Layoffs and the WARN Act & Employers' Legal Obligations
In addition to unemployment insurance benefits, the law provides protection to certain types of employees in case of unemployment. Under the Worker Adjustment and Retraining Notification Act (WARN Act), most employers that have 100 or more employees must give 60-day advance written notice of covered plant closings and covered mass layoffs.
In general, your employer must time the notice so that it reaches you 60 days before the closing or layoff date. The exceptions are when your employer is a “faltering company,” in the case of unforeseeable business circumstances, and in the event of a natural disaster. The requirement of 100 or more employees does not count employees who have worked for fewer than six of the last 12 months, and it does not count employees who work fewer than 20 hours per week.
Private employers as well as public and quasi-public employers in a commercial context are covered employers. Ordinary federal, state, and local government entities offering public services are not covered.
The WARN Act requires employers with 100 or more employees give 60 days notice when a covered plant is closing or covered layoffs are to occur. Read more about the Act in the United States Code: 29 U.S.C. §§ 2101–2109
The WARN Act is intended to give workers and families time to adjust to losing the income from employment, get another job, and enter any needed skills training or retraining programs. Managers, supervisors, hourly wage workers, and salaried workers are covered by the WARN Act, as are labor unions, locally elected chief officials, and state dislocated worker units.
You should be aware that an employer doesn’t need to give notice if it is permanently replacing someone who meets the definition of “economic striker” as defined under the National Labor Relations Act, which governs unions. The WARN Act doesn’t require notice to strikers or those involved in labor negotiations leading to a lockout when the strike or lockout is equivalent to a plant closing or mass layoff. However, non-striking employees who experience an employment loss because of a strike or workers not part of the bargaining units that are involved in labor negotiations leading to a lockout must still be given notice.
How is WARN Enforced?
Workers, unions, or other representatives of employees, as well as units of local government, can bring individual or class action lawsuits in federal court.
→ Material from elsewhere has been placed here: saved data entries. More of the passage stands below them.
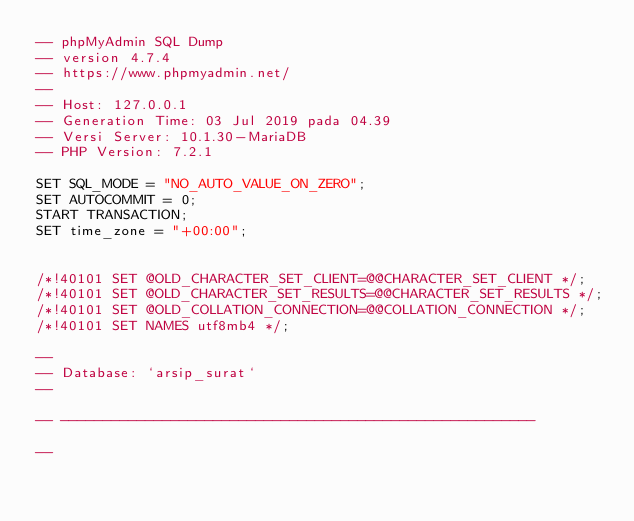Convert code to text. <code><loc_0><loc_0><loc_500><loc_500><_SQL_>-- phpMyAdmin SQL Dump
-- version 4.7.4
-- https://www.phpmyadmin.net/
--
-- Host: 127.0.0.1
-- Generation Time: 03 Jul 2019 pada 04.39
-- Versi Server: 10.1.30-MariaDB
-- PHP Version: 7.2.1

SET SQL_MODE = "NO_AUTO_VALUE_ON_ZERO";
SET AUTOCOMMIT = 0;
START TRANSACTION;
SET time_zone = "+00:00";


/*!40101 SET @OLD_CHARACTER_SET_CLIENT=@@CHARACTER_SET_CLIENT */;
/*!40101 SET @OLD_CHARACTER_SET_RESULTS=@@CHARACTER_SET_RESULTS */;
/*!40101 SET @OLD_COLLATION_CONNECTION=@@COLLATION_CONNECTION */;
/*!40101 SET NAMES utf8mb4 */;

--
-- Database: `arsip_surat`
--

-- --------------------------------------------------------

--</code> 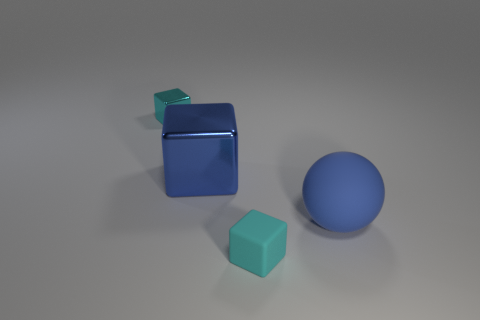Is the number of cyan metallic blocks less than the number of small gray matte blocks?
Offer a terse response. No. What is the material of the thing that is both to the left of the large sphere and right of the blue metal cube?
Keep it short and to the point. Rubber. There is a cyan object on the left side of the cyan block right of the cyan object that is behind the blue sphere; what size is it?
Your answer should be very brief. Small. Does the blue rubber object have the same shape as the cyan thing that is behind the big blue block?
Make the answer very short. No. How many tiny things are behind the large blue sphere and in front of the blue matte object?
Give a very brief answer. 0. What number of gray objects are either small things or tiny metallic blocks?
Offer a terse response. 0. There is a small thing behind the sphere; is its color the same as the tiny block that is in front of the blue matte ball?
Your answer should be compact. Yes. What is the color of the tiny object that is in front of the small cube behind the rubber thing in front of the matte ball?
Your answer should be very brief. Cyan. There is a tiny block that is in front of the large blue shiny thing; are there any cyan matte blocks right of it?
Provide a short and direct response. No. There is a big blue object on the right side of the large metallic cube; is it the same shape as the small cyan rubber object?
Give a very brief answer. No. 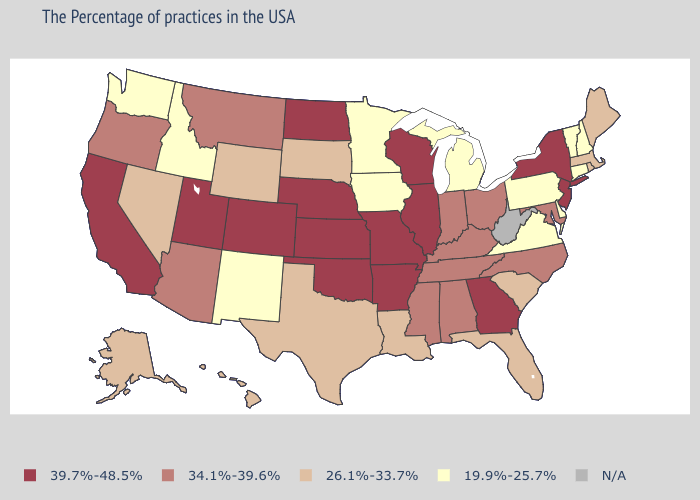What is the value of Minnesota?
Keep it brief. 19.9%-25.7%. Name the states that have a value in the range 39.7%-48.5%?
Concise answer only. New York, New Jersey, Georgia, Wisconsin, Illinois, Missouri, Arkansas, Kansas, Nebraska, Oklahoma, North Dakota, Colorado, Utah, California. What is the value of New York?
Short answer required. 39.7%-48.5%. What is the highest value in the USA?
Write a very short answer. 39.7%-48.5%. How many symbols are there in the legend?
Concise answer only. 5. Does California have the highest value in the USA?
Write a very short answer. Yes. Does the first symbol in the legend represent the smallest category?
Be succinct. No. Does Wisconsin have the highest value in the MidWest?
Give a very brief answer. Yes. What is the highest value in the USA?
Quick response, please. 39.7%-48.5%. Name the states that have a value in the range 19.9%-25.7%?
Short answer required. New Hampshire, Vermont, Connecticut, Delaware, Pennsylvania, Virginia, Michigan, Minnesota, Iowa, New Mexico, Idaho, Washington. Which states have the lowest value in the South?
Answer briefly. Delaware, Virginia. What is the value of Nebraska?
Be succinct. 39.7%-48.5%. Among the states that border Virginia , which have the lowest value?
Be succinct. Maryland, North Carolina, Kentucky, Tennessee.

This means that if you believe your employer laid you off in violation of the WARN Act, you may be able to bring a lawsuit to enforce the Act. If you are successful in the lawsuit, your employer will have to pay back pay and benefits for the period in violation. This liability may be lessened by any wages or voluntary and unconditional payments made by the employer to you. Your employer may also be subject to a civil penalty.
What Triggers Notice for a Plant Closing or Mass Layoff?
Employment losses that meet a certain threshold trigger the notice requirement. An employment loss is an involuntary termination of employment not for cause or retirement. It can also be a layoff that is more than six months or a reduction in job hours of more than 50% during each month of a six-month period. There are a number of situations that may be stressful to you but do not count as a layoff.
For example, if your employer offers you a transfer to another employment site to which you could reasonably commute, with less than a six-month break in your employment, you may be reluctant to take it. If you refuse to be transferred, you do not have an employment loss covered by the WARN Act. Similarly, if you do take the offer within 30 days after it is offered or within 30 days of the plant closing or mass layoff, you have not experienced an employment loss under the WARN Act.
For purposes of giving WARN Act notice of a plant closing, a covered employer has to give notice when its intended closure of a site of employment or facility will lead to employment loss for 50 or more employees during a 30-day period. The requirement of 50 employees doesn’t count employees who have worked for fewer than six of the 12 prior months or employees working fewer than 20 hours per week. However, these part-time or more recent employees require notice as well.
Mass layoffs also require notice, even when they do not arise from a plant closing. A mass layoff under the WARN Act is defined as an event that leads to a loss of jobs for 500 or more employees, or between 50 and 599 employees when they make up at least 33% of the employer’s active workforce. As with plant closings, this doesn’t count employees working for fewer than six out of the 12 prior months or employees working fewer than 20 hours per week. As with plant closings, part-time or more recent employees also require notice.
What if the number of employment losses does not meet the threshold requirements of a plant closing or mass layoff? Employees must give notice anyway if the number of employment losses for two or more groups of workers, each smaller than the minimum required for notice, reaches the threshold level of either a plan closing or a mass layoff during a 90-day period. Job losses in a 90-day period count towards a WARN threshold unless the employer is able to show that these losses arose from separate and distinct actions and causes.